Se observa que los artículos 1º, 2º, 3º y 5º del Decreto Reglamentario 1242 de 2003, cuya nulidad se pide, y por los cuales se reglamentaron precisamente los artículos 326 y 327 del estatuto tributario, en efecto, tal como indican los demandantes, usan los términos de venta, enajenación y transferencia. Sin embargo, este despacho no advierte una transgresión evidente frente a las normas superiores, las cuales utilizan operación y transacción, como términos generales en los que podrían encajar venta, enajenación o transferencia por tratarse de formas a través de las que se cambia la titularidad de una inversión.

Así que no es que el Gobierno Nacional adicione términos nuevos sino que usa unos específicos que encuadran en los generales de operación y transacción con lo cual no se restringe ni limita la obligación formal de presentar la declaración de renta.

En conclusión, las normas superiores usan términos generales y las normas reglamentarias unos más específicos, sin que ello implique una extralimitación de las facultades del Gobierno Nacional ni el desconocimiento evidente de los artículos 326 y 327 del estatuto tributario que amerite la suspensión de los efectos de las disposiciones demandadas.

Por último, valga resaltar que la sección cuarta en oportunidad anterior se pronunció sobre la legalidad del Decreto Reglamentario 1242 de 2003 en Sentencia de 12 de octubre de 2006(2) y declaró la nulidad de los apartes del artículo 3º que se resaltan a continuación:

“ART. 3º—Documentos soporte de la declaración del impuesto sobre la renta y complementarios.

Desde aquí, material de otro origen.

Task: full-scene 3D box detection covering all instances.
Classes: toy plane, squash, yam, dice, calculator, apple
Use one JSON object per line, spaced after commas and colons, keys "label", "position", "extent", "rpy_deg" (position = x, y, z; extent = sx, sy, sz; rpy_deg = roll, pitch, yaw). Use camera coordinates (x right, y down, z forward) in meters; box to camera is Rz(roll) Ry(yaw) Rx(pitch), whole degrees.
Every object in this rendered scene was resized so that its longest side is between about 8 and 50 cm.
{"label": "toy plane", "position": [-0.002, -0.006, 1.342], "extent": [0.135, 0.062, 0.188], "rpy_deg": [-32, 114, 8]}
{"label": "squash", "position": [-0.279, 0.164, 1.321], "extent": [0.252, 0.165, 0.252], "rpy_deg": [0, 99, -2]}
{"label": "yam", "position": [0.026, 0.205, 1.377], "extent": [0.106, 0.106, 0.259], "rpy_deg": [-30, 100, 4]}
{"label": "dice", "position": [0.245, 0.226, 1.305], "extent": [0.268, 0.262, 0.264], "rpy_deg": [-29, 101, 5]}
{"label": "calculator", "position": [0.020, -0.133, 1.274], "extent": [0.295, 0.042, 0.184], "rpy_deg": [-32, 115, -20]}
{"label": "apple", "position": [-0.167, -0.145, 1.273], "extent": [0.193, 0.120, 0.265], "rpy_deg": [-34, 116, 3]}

Para efectos de ejercer las facultades de fiscalización sobre la declaración tributaria que se presente por el cambio de titular de la inversión extranjera, los inversionistas extranjeros directamente o a través de su representante, agente o apoderado deberán conservar por cada operación o transacción los siguientes documentos, informaciones y pruebas soportes de la declaración, por el término establecido en el artículo 632 del estatuto tributario y presentarlos a la administración tributaria cuando ésta los requiera:

1. Fotocopia del contrato de venta o de la transacción correspondiente en la que conste: identificación tributaria del inversionista cedente, del cesionario y de la sociedad receptora de la inversión extranjera, así como del activo en que está representada la inversión.

(…)

5. Contrato de compra de la inversión objeto de la transacción.

En esa oportunidad la Sala encontró que el Gobierno Nacional no podía imponer la obligación al inversionista extranjero de conservar fotocopia del contrato de venta o de la transacción correspondiente, al igual que del de compra de dicha inversión porque con ello estaba convirtiendo en solemnes los contratos que transfieren el dominio de una inversión extranjera, que, por regla general, son legalmente consensuales, lo que contraviene, además, el artículo 743 del estatuto tributario, conforme con el cual es a la ley, y no al reglamento, a quien corresponde determinar las exigencias para acreditar determinados hechos. En ese orden los numerales 1, demandado en esta oportunidad, y 5 del artículo 3º del Decreto Reglamentario 1242 de 2003 están anulados.

En mérito de lo expuesto, el Consejo de Estado, Sala de lo contencioso administrativo, sección cuarta, Sala unitaria,

RESUELVE:

NIÉGASE la suspensión provisional de los efectos de los artículos 1º, 2º, 3º y 5º —parciales— del Decreto Reglamentario 1242 de 2003.

Notifíquese y cúmplase.

Consejera: Martha Teresa Briceño de Valencia. 

(1) Fl. 44 cdno. de medida cautelar.

(2) Exp. 110010327000200300058 01 [14030], Demandante: Fabio Londoño Gutiérrez, M.P. Héctor J. Romero Díaz.